Many technologies that seemed like science fiction only a few years ago, are now becoming realities. Advanced prosthetics, exoskeletons, and other brain-computer interfaces. While these advances are encouraging, there are still many issues to workout. Interpreting signals from the brain is extremely difficult. Scanning the entire brain can usually be done noninvasively, but results in a noisy stream of information. Very precise areas of the brain can be monitored, but this usually requires surgically implanting some kind of device.

In recently presented work, a group based in Switzerland may have a solution to some of these issues. (via EurekaAlert) They've been developing a range of interfaces that work on a principle of shared control. Shared control is a relatively new concept in this field, and essentially means that's the machines themselves take part in the information processing.

Many prosthetics and other devices simply try to interpret raw neural signals, whether from a peripheral nerve or the brain directly. While software built into these devices does decode these signals, that only gets you so far. The primary limitation behind this approach is the fact that the brain only does so much.

Sure our brain, especially the cortex, is responsible for our ultimate decision-making. But turning that decision into action takes much more. The brain stem, spinal cord, and other pathways in the muscles themselves, all take part in the information processing. This complexity is what allows us to perform certain tasks in a very natural or intuitive way, even if our mind is distracted.

Going directly from brain signals to mechanical motion loses some of the nuance of normal brain control, and requires a great deal of concentration from the user. The various technologies that the Swiss team has been developing incorporated sensors and onboard processing. Using input from these sensors, as well as noninvasive EEG inputs from the users, these interfaces better interpret what is trying to be done from the context.
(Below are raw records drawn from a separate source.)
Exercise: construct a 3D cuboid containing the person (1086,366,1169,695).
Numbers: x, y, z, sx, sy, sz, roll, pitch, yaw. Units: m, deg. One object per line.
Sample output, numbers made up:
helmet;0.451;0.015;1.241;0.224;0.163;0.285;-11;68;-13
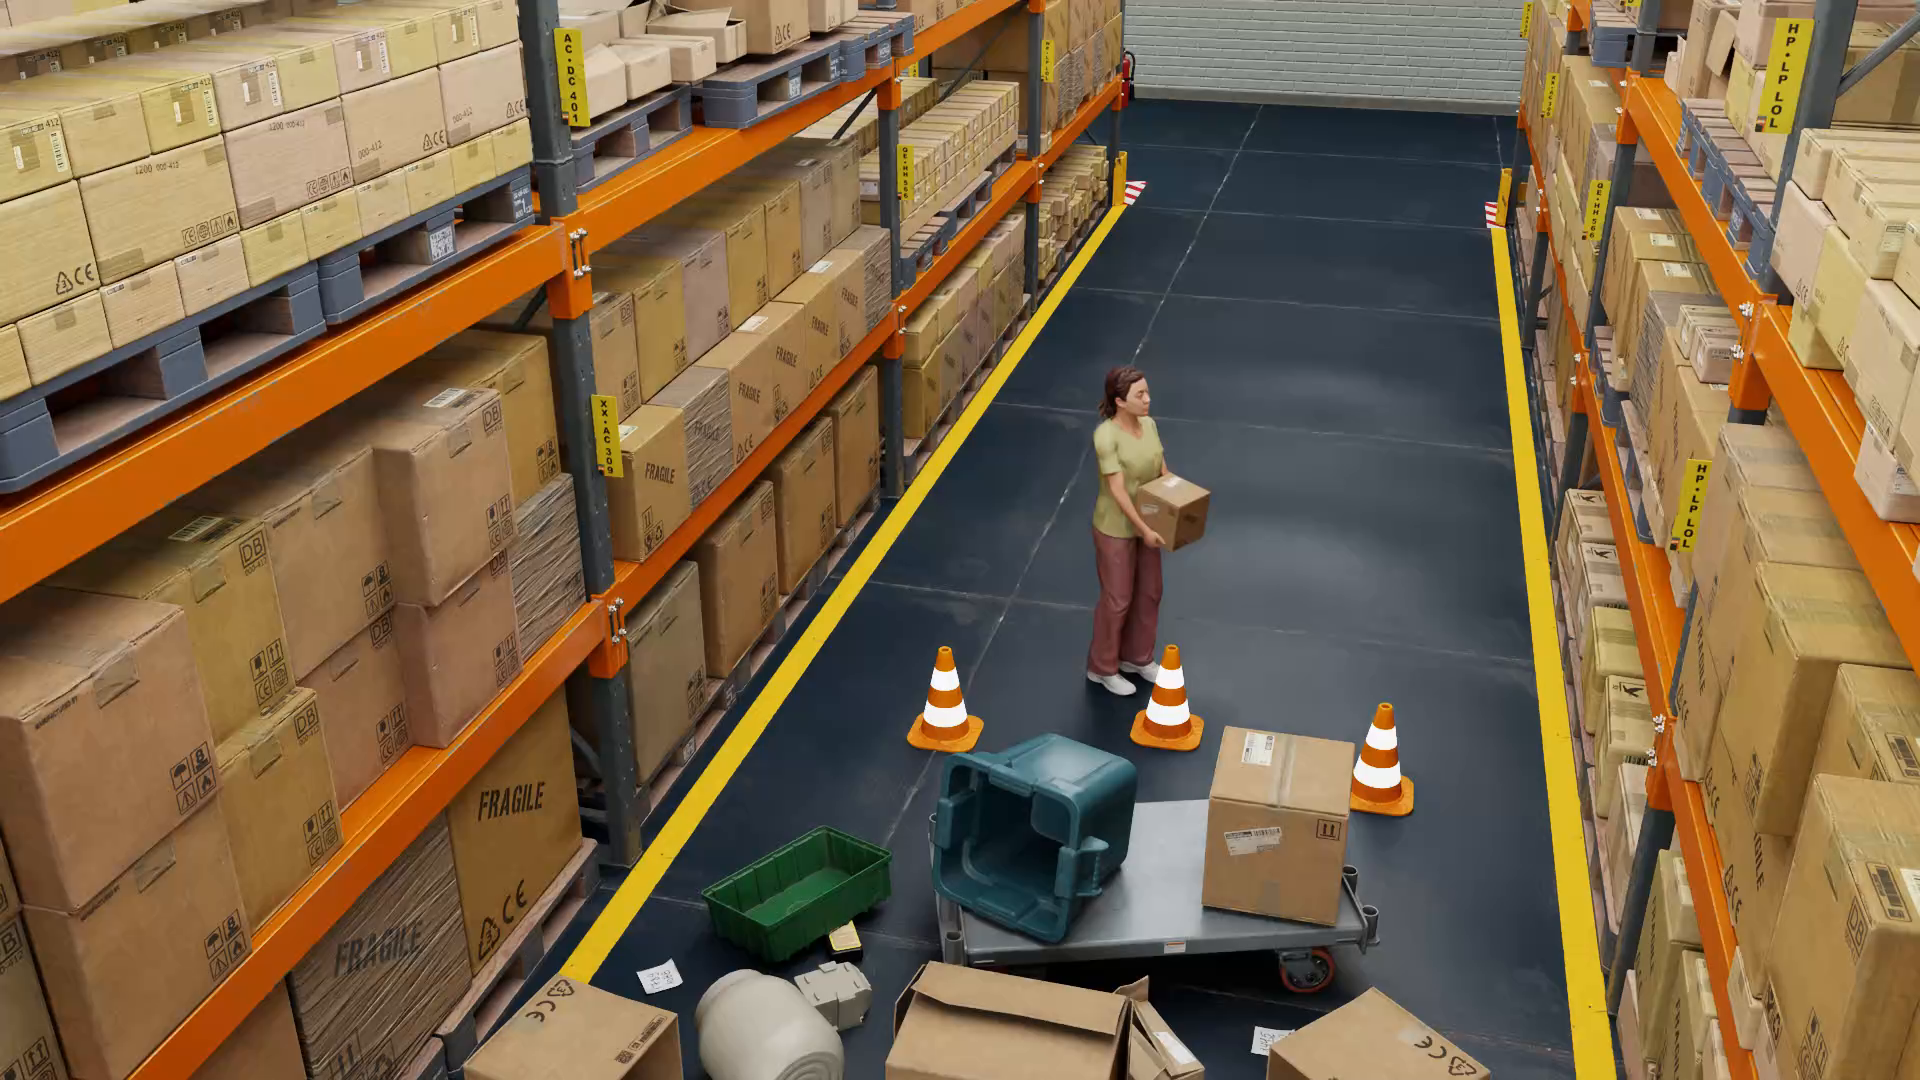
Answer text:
person;0.885;-0.026;8.186;0.531;1.661;0.424;23;34;39

So far this has resulted in better control in things like prosthetic arms, as well as brain controlled steering for wheelchairs and telepresence devices. Fine controlled skills such as writing were possible in prosthetics, and new environments were easily navigated after only nine training sessions with this interface. More testing is necessary but they think that a brain controlled wheelchair could become a potentially common device in the future. Shared control that relies on devices to help interpret context will likely become a growing trends in brain-computer interfaces and other prosthetic devices.